Pretty and colleagues (2010) conducted a horizon-scanning approach with leading experts and representatives of major agricultural organizations worldwide to derive the top 100 most important questions for global agriculture. The purpose of these questions was to influence policy priorities in ways that would have a significant impact on global agricultural practices. Given the challenges confronting the dominant food system, they pointed out that the agriculture sector can no longer focus simply on maximizing productivity; that it must now look at optimizing food production with an awareness of the broader complexity of production, environment, rural development, social justice, and consumption. The questions were organized into four sections: natural resource inputs, agronomic practice, agricultural development, and markets and consumption. In the final section of this paper we will draw upon some of these questions to stimulate reflection and discussion toward increasing food security and food sovereignty through social and solidarity economy initiatives.

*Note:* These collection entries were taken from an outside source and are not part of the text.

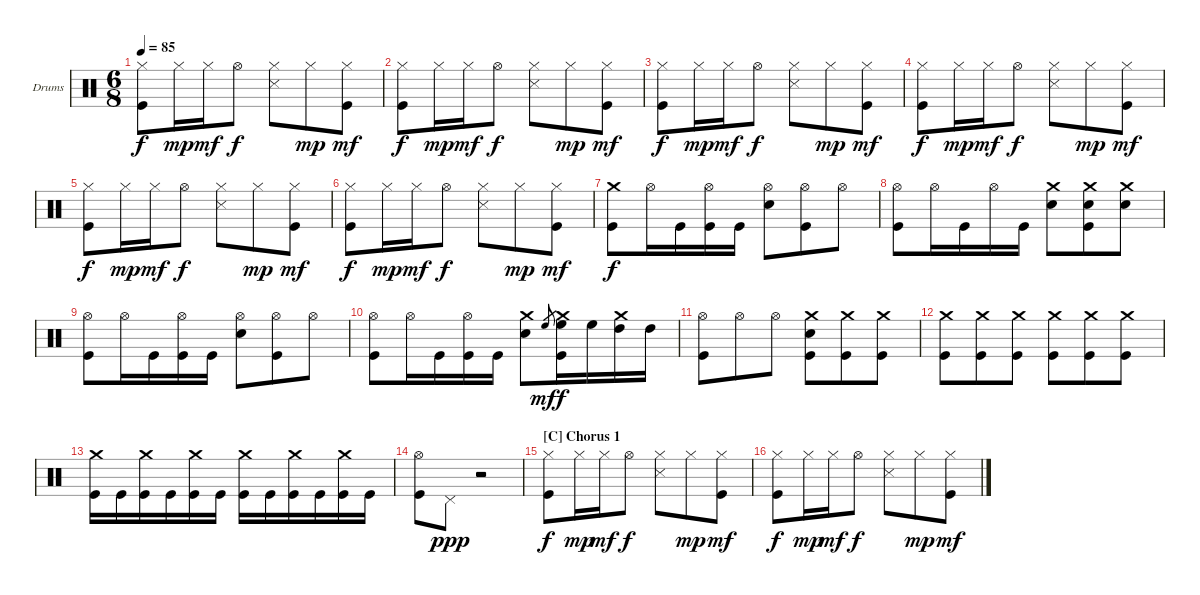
\defaultSystemsLayout 4
\bracketExtendMode groupsimilarinstruments
\firstSystemTrackNameOrientation horizontal
\otherSystemsTrackNameOrientation horizontal
\track ("Drums" "Drums") {instrument percussion}
\staff {score}
\articulation defaults
\ts (6 8)
\tempo 85
\clef neutral
\ks c
("Hi-Hat (closed)" "Kick (hit)").8{dy f} "Hi-Hat (closed)".16{dy mp} "Hi-Hat (closed)".16{dy mf} "Hi-Hat (open)".8{dy f} ("Hi-Hat (closed)" "Snare (side stick) 3").8 "Hi-Hat (closed)".8{dy mp} ("Hi-Hat (closed)" "Kick (hit)").8{dy mf} |
("Hi-Hat (closed)" "Kick (hit)").8{dy f} "Hi-Hat (closed)".16{dy mp} "Hi-Hat (closed)".16{dy mf} "Hi-Hat (open)".8{dy f} ("Hi-Hat (closed)" "Snare (side stick) 3").8 "Hi-Hat (closed)".8{dy mp} ("Hi-Hat (closed)" "Kick (hit)").8{dy mf} |
("Hi-Hat (closed)" "Kick (hit)").8{dy f} "Hi-Hat (closed)".16{dy mp} "Hi-Hat (closed)".16{dy mf} "Hi-Hat (open)".8{dy f} ("Hi-Hat (closed)" "Snare (side stick) 3").8 "Hi-Hat (closed)".8{dy mp} ("Hi-Hat (closed)" "Kick (hit)").8{dy mf} |
("Hi-Hat (closed)" "Kick (hit)").8{dy f} "Hi-Hat (closed)".16{dy mp} "Hi-Hat (closed)".16{dy mf} "Hi-Hat (open)".8{dy f} ("Hi-Hat (closed)" "Snare (side stick) 3").8 "Hi-Hat (closed)".8{dy mp} ("Hi-Hat (closed)" "Kick (hit)").8{dy mf} |
("Hi-Hat (closed)" "Kick (hit)").8{dy f} "Hi-Hat (closed)".16{dy mp} "Hi-Hat (closed)".16{dy mf} "Hi-Hat (open)".8{dy f} ("Hi-Hat (closed)" "Snare (side stick) 3").8 "Hi-Hat (closed)".8{dy mp} ("Hi-Hat (closed)" "Kick (hit)").8{dy mf} |
("Hi-Hat (closed)" "Kick (hit)").8{dy f} "Hi-Hat (closed)".16{dy mp} "Hi-Hat (closed)".16{dy mf} "Hi-Hat (open)".8{dy f} ("Hi-Hat (closed)" "Snare (side stick) 3").8 "Hi-Hat (closed)".8{dy mp} ("Hi-Hat (closed)" "Kick (hit)").8{dy mf} |
("Crash medium (hit)" "Kick (hit)").8{dy f} "Hi-Hat (open)".16 "Kick (hit)".16 ("Hi-Hat (open)" "Kick (hit)").16 "Kick (hit)".16 ("Hi-Hat (open)" "Snare (hit) 2").8 ("Hi-Hat (open)" "Kick (hit)").8 "Hi-Hat (open)".8 |
("Hi-Hat (open)" "Kick (hit)").8 "Hi-Hat (open)".16 "Kick (hit)".16 "Hi-Hat (open)".16 "Kick (hit)".16 ("Crash medium (hit)" "Snare (hit) 2").8 ("Crash medium (hit)" "Snare (hit) 2" "Kick (hit)").8 ("Crash medium (hit)" "Snare (hit) 2").8 |
("Hi-Hat (open)" "Kick (hit)").8 "Hi-Hat (open)".16 "Kick (hit)".16 ("Hi-Hat (open)" "Kick (hit)").16 "Kick (hit)".16 ("Hi-Hat (open)" "Snare (hit) 2").8 ("Hi-Hat (open)" "Kick (hit)").8 "Hi-Hat (open)".8 |
("Hi-Hat (open)" "Kick (hit)").8 "Hi-Hat (open)".16 "Kick (hit)".16 ("Hi-Hat (open)" "Kick (hit)").16 "Kick (hit)".16 ("Crash medium (hit)" "Snare (hit) 2").8 "High Floor Tom (hit)".8{gr dy mf} ("Crash medium (hit)" "High Floor Tom (hit)" "Kick (hit)").16{dy f} "High Floor Tom (hit)".16 ("Crash medium (hit)" "High Tom (hit)").16 "High Tom (hit)".16 |
("Hi-Hat (open)" "Kick (hit)").8 "Hi-Hat (open)".8 "Hi-Hat (open)".8 ("Crash medium (hit)" "Snare (hit) 2" "Kick (hit)").8 ("Crash medium (hit)" "Kick (hit)").8 ("Crash medium (hit)" "Kick (hit)").8 |
("Crash medium (hit)" "Kick (hit)").8 ("Crash medium (hit)" "Kick (hit)").8 ("Crash medium (hit)" "Kick (hit)").8 ("Crash medium (hit)" "Kick (hit)").8 ("Crash medium (hit)" "Kick (hit)").8 ("Crash medium (hit)" "Kick (hit)").8 |
("Crash medium (hit)" "Kick (hit)").16 "Kick (hit)".16 ("Crash medium (hit)" "Kick (hit)").16 "Kick (hit)".16 ("Crash medium (hit)" "Kick (hit)").16 "Kick (hit)".16 ("Crash medium (hit)" "Kick (hit)").16 "Kick (hit)".16 ("Crash medium (hit)" "Kick (hit)").16 "Kick (hit)".16 ("Crash medium (hit)" "Kick (hit)").16 "Kick (hit)".16 |
("Hi-Hat (open)" "Kick (hit)").8 "Pedal Hi-Hat (hit)".8{dy ppp} r.2 |
\section ("C" "Chorus 1")
("Hi-Hat (closed)" "Kick (hit)").8{dy f} "Hi-Hat (closed)".16{dy mp} "Hi-Hat (closed)".16{dy mf} "Hi-Hat (open)".8{dy f} ("Hi-Hat (closed)" "Snare (side stick) 3").8 "Hi-Hat (closed)".8{dy mp} ("Hi-Hat (closed)" "Kick (hit)").8{dy mf} |
("Hi-Hat (closed)" "Kick (hit)").8{dy f} "Hi-Hat (closed)".16{dy mp} "Hi-Hat (closed)".16{dy mf} "Hi-Hat (open)".8{dy f} ("Hi-Hat (closed)" "Snare (side stick) 3").8 "Hi-Hat (closed)".8{dy mp} ("Hi-Hat (closed)" "Kick (hit)").8{dy mf}

Blouin and colleagues (2009) of Équiterre and the Centre for Trade Policy and Law in Canada prepared a review of the literature on local food systems and public policy. They define local food systems as “an integrated food production, distribution, and consumption system operating within a designated geographical area for the purpose of achieving sustainable development goals” (p.11). As such, they explicitly recognize that local food systems attempt to provide economic, environmental, health and social benefits in addition to reducing distance travelled (food miles). Highlighting farmers’ markets, community-supported agriculture, food box schemes, institutional local procurement initiatives and farm shops, they summarize evidence indicating that local food systems do indeed bring these diverse benefits. For example, farmers using local food systems report having greater control over prices and being less exposed to market fluctuations. Community-supported agriculture and box schemes also protect the farmer from risk by distributing that risk among the community share holders. The authors also reviewed studies indicating that money spent in the local food system is more likely to stay within the locality, compared to the conventional food system. In sum, because there are a variety of benefits associated with local food systems, it is important to identify which public policies best support the emergence, consolidation and development of these local food systems. These will be reviewed in the section that follows.

The above reports and initiatives on the emerging local food system reveal a diverse set of alternatives to the dominant food system. These include self-organized community efforts to identify ways of interacting and trading that act like shadow systems – alternatives emerging in the shadows of the dominant system – bringing critical diversity and resilience to the human-ecological-economic system. Before reviewing the challenges and issues encountered by these efforts, we will provide an overview of some of the production and distribution models of social and solidarity enterprises that have emerged worldwide in local settings. These include co-operative movements, community-supported agriculture (CSA), farmers’ markets and collective kitchens, urban agriculture and seed saving as specific examples of social solidarity food sovereignty activities.

In the shadow of the agri-industrial food system, small scale and family farms often lack the capital to access marketing and processing infrastructure, leaving them at a competitive disadvantage. Co-operative movements have been generally quite successful in the food sector, offering food producers - including farmers and fishermen -, benefits such as shared access to seeds and other inputs, shared information and other resources, enhanced market power, and more effective lobbying. For example, Theron (2010) presented a case study of a Rooibos tea co-operative in South Africa. It began as a processing facility so that each member’s tea could be processed and delivered to an agent at a marketing company. It was so successful in its first year that they were quickly able to bypass the marketing agent and deal directly with the buyers, even becoming certified through the Fair Trade Labelling Organization. By pooling equipment and sharing seasonal costs this group was able to significantly improve the income of the member farmers. The cooperative’s surplus was invested in sponsoring various training and development programs.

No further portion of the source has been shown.